If a line in the entries contains the word "item", list it.
------------------------------------
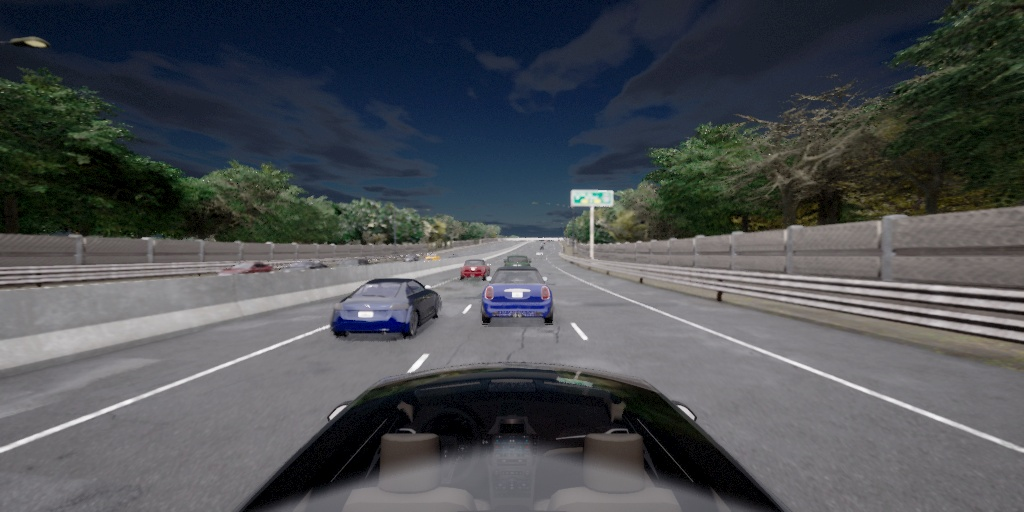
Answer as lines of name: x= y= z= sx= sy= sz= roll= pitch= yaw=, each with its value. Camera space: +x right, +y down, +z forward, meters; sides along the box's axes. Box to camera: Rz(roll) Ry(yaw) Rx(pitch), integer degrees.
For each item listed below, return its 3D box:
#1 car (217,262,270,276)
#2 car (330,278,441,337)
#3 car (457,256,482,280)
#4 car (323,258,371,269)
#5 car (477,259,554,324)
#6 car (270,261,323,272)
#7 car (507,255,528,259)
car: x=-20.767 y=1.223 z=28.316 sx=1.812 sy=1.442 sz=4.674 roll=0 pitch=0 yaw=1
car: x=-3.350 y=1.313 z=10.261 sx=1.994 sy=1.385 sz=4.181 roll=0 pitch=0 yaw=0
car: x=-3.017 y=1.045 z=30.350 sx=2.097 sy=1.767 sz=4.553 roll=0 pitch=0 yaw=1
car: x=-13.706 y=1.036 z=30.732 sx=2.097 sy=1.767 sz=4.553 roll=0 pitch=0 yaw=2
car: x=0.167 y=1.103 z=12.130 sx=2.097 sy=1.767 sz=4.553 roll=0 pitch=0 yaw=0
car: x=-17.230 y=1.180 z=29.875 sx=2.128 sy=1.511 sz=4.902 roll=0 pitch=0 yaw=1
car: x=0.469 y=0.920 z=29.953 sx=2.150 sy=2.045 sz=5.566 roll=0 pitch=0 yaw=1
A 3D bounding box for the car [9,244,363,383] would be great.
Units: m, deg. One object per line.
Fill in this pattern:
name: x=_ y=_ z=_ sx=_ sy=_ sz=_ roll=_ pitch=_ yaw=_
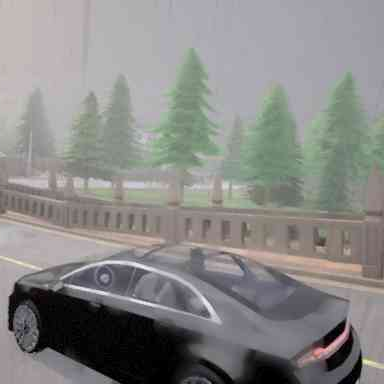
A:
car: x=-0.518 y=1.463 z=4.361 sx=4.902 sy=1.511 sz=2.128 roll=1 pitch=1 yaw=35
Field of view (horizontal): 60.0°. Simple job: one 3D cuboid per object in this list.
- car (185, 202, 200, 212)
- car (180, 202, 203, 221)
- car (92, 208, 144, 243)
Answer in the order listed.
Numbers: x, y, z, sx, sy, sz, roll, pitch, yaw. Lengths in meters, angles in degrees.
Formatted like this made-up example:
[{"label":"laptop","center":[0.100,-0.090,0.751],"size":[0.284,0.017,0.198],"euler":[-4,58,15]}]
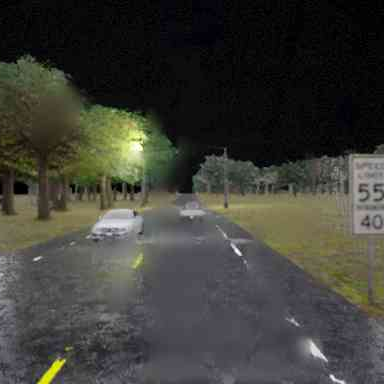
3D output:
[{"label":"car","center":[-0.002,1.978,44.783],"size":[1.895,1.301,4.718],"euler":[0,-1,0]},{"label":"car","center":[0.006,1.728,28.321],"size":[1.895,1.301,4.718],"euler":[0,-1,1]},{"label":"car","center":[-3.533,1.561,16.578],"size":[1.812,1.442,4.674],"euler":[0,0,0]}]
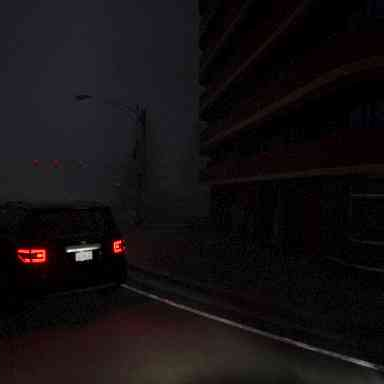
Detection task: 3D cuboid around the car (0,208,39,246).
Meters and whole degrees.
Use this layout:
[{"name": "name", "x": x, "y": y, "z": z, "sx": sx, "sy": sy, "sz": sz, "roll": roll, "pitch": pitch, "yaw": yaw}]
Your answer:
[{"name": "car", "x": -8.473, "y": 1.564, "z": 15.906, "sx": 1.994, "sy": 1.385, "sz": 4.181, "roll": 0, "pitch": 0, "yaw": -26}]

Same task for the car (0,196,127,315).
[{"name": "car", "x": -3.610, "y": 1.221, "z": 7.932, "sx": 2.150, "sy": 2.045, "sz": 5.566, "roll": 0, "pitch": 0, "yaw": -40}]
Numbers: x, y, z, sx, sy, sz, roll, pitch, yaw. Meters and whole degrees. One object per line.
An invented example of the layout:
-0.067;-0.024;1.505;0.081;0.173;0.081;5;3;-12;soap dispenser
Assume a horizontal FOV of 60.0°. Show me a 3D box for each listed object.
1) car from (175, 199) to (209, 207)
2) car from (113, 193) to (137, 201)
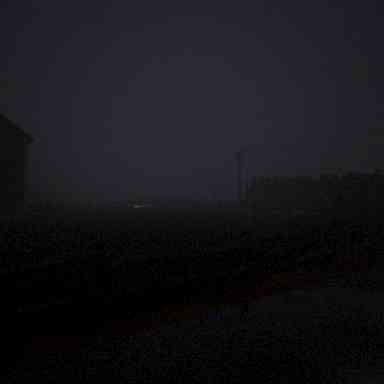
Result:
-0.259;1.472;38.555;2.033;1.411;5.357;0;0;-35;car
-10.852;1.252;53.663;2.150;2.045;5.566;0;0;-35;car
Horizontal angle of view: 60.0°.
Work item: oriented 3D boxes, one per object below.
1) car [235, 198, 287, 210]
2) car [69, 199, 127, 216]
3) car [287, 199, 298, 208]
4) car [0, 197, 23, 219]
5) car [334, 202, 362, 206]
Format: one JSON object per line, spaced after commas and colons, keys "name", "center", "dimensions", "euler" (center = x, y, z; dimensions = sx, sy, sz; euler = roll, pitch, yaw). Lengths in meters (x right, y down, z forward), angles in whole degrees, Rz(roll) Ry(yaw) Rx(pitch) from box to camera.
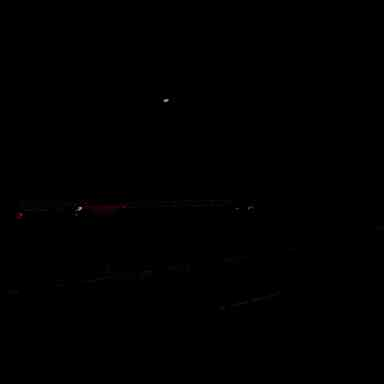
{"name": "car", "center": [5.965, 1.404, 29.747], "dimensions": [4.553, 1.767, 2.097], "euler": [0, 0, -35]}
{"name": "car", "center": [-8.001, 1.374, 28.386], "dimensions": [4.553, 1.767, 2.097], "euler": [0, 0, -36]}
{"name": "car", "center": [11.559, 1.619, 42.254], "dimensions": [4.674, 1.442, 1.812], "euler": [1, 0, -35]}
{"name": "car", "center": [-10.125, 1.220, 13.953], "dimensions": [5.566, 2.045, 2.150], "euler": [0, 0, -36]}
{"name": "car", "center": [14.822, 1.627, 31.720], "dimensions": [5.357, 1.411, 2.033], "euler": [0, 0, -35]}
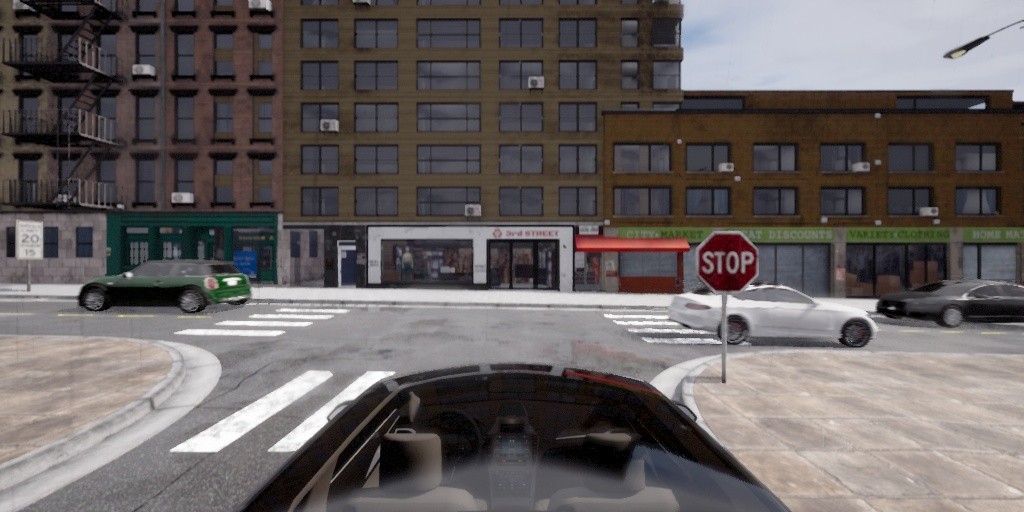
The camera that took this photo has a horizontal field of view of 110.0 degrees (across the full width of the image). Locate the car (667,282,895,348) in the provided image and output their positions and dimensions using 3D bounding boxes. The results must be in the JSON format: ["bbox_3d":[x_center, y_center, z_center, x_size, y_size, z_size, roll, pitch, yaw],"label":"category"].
------------------------------------
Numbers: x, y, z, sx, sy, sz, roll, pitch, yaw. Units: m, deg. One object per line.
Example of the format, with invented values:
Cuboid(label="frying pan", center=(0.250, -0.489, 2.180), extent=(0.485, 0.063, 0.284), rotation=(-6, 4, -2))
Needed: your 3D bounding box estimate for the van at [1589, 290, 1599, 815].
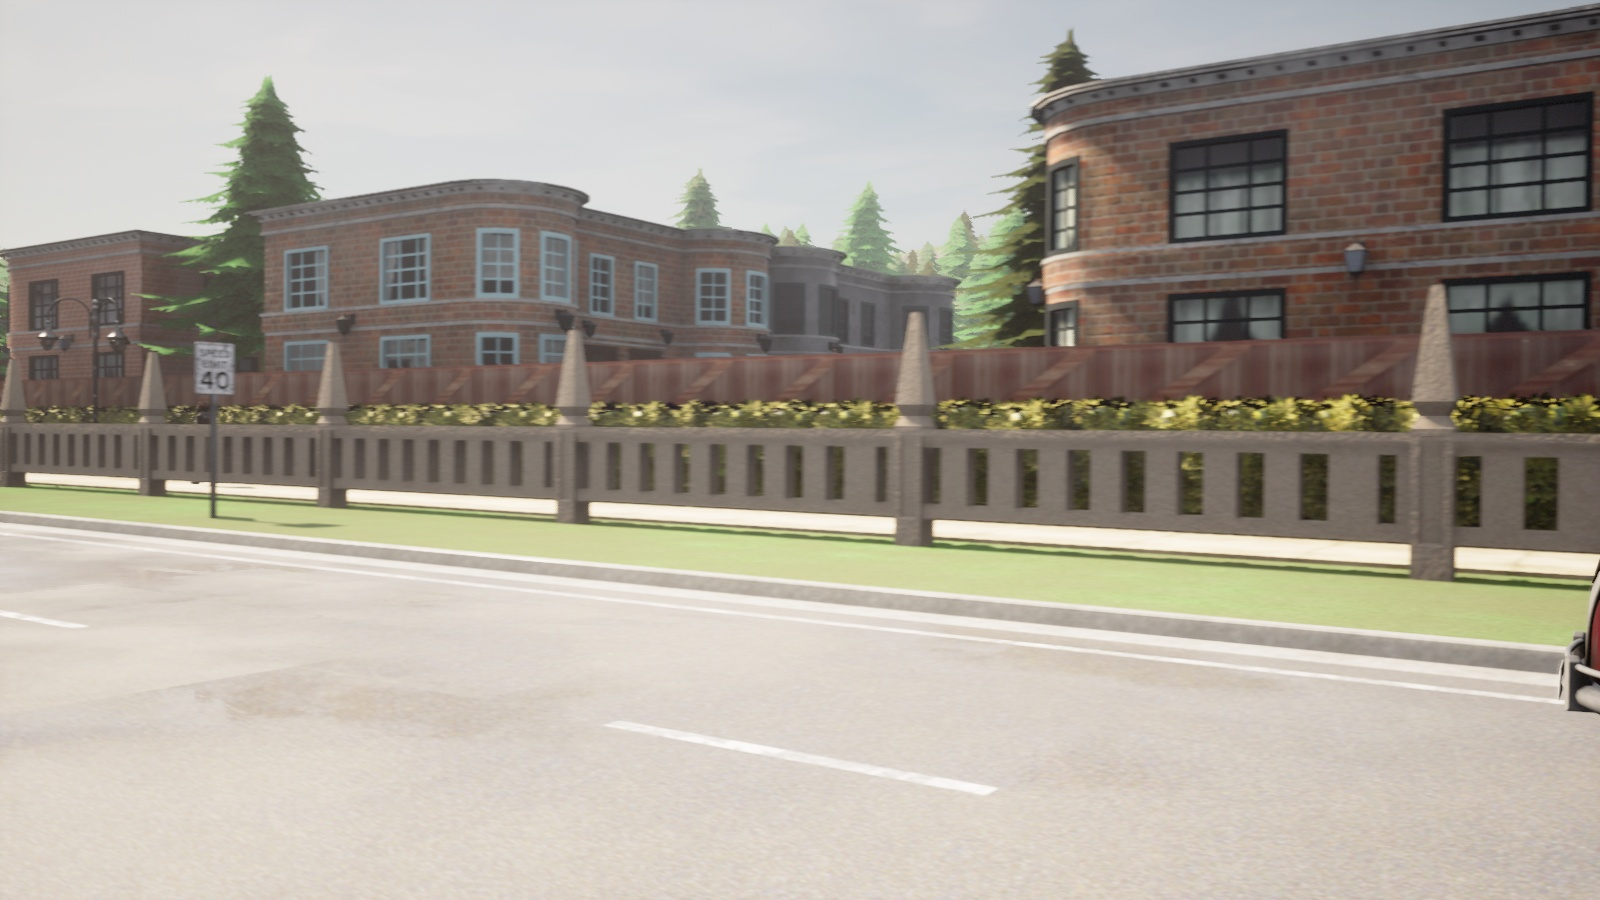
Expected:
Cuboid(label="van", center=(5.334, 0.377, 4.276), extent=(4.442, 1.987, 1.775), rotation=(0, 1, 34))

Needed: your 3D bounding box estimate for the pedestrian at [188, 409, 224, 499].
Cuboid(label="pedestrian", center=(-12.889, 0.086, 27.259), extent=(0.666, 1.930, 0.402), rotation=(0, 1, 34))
------------------------------------
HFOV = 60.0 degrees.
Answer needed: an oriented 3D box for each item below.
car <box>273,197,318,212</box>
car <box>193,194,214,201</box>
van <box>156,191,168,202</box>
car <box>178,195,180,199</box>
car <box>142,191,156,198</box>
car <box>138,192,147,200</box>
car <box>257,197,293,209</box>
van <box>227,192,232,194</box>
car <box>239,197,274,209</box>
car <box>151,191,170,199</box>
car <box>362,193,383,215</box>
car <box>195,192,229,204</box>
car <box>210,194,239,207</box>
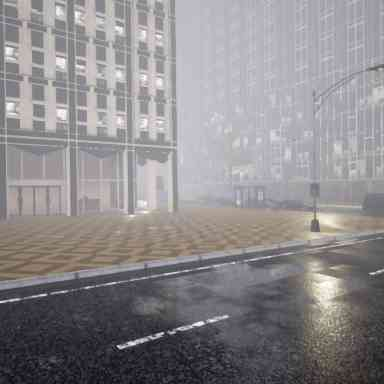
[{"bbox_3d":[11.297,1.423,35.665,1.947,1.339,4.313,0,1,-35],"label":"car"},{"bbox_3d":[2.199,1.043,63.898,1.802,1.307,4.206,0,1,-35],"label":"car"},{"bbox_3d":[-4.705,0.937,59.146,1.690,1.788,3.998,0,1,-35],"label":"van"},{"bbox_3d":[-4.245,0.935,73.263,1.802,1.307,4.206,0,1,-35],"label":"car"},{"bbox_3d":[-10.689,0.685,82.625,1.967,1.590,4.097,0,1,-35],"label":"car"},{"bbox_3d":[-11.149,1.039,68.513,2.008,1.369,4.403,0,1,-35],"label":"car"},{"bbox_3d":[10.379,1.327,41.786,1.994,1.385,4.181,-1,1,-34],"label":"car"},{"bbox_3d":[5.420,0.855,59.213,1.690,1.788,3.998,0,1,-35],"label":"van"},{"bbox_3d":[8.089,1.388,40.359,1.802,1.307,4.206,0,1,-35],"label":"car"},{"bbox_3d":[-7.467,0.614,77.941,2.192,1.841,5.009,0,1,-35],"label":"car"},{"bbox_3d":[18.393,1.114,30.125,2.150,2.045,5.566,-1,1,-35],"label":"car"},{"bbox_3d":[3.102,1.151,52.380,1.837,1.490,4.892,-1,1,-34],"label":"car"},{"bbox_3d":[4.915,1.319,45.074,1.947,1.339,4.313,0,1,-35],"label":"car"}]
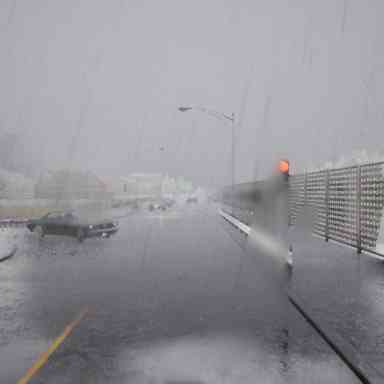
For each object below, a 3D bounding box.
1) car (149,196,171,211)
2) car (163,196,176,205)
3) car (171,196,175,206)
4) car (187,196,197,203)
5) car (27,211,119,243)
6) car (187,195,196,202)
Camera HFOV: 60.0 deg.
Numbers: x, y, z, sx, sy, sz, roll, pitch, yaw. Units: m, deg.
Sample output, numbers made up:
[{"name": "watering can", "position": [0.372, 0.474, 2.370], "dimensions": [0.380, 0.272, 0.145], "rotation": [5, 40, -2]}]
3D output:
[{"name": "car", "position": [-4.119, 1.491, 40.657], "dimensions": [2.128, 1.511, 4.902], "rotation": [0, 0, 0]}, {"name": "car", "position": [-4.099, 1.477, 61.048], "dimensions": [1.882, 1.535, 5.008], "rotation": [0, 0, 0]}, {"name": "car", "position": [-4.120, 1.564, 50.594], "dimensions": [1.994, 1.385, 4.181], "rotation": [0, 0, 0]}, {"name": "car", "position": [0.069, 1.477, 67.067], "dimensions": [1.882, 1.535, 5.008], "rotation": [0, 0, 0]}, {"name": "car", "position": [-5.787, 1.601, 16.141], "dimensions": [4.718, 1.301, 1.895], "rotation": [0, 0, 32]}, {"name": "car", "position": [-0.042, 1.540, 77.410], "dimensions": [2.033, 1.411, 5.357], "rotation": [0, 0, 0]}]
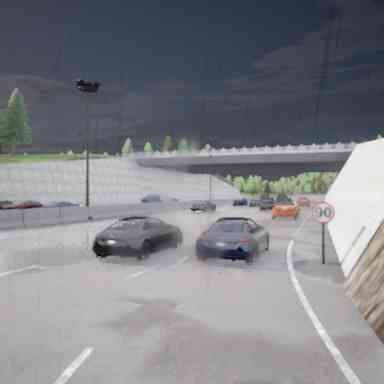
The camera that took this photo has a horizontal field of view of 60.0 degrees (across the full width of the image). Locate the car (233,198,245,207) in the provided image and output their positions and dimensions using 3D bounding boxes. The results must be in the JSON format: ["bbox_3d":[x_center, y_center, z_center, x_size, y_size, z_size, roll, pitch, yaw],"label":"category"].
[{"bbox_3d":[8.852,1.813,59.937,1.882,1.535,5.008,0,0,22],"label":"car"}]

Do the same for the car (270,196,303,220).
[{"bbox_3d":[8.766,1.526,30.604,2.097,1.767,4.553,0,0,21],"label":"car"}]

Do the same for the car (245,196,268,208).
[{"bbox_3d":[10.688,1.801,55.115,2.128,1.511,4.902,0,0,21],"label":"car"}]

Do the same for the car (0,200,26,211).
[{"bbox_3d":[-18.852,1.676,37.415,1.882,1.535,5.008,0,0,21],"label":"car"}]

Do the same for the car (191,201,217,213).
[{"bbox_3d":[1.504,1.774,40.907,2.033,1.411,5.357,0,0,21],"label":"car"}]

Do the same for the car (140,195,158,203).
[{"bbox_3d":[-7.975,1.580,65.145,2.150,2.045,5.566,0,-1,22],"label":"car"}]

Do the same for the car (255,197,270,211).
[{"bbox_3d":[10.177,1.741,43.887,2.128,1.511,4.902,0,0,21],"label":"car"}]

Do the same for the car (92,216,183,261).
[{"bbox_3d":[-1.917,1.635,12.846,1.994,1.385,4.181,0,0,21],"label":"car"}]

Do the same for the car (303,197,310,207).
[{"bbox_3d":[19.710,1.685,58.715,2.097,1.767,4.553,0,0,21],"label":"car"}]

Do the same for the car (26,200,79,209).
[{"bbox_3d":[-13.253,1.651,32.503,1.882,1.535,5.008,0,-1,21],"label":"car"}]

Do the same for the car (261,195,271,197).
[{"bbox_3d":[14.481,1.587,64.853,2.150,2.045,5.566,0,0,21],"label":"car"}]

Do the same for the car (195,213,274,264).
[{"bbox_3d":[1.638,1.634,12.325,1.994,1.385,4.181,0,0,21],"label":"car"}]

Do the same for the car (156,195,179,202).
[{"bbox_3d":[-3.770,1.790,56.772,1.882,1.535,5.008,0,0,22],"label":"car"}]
------------------------------------
PROBLEM SOLUTION:
For each item listed below, return its 3D box:
Work item: oriented 3D boxes, one per object below.
Answer needed: an oriented 3D box for each item below.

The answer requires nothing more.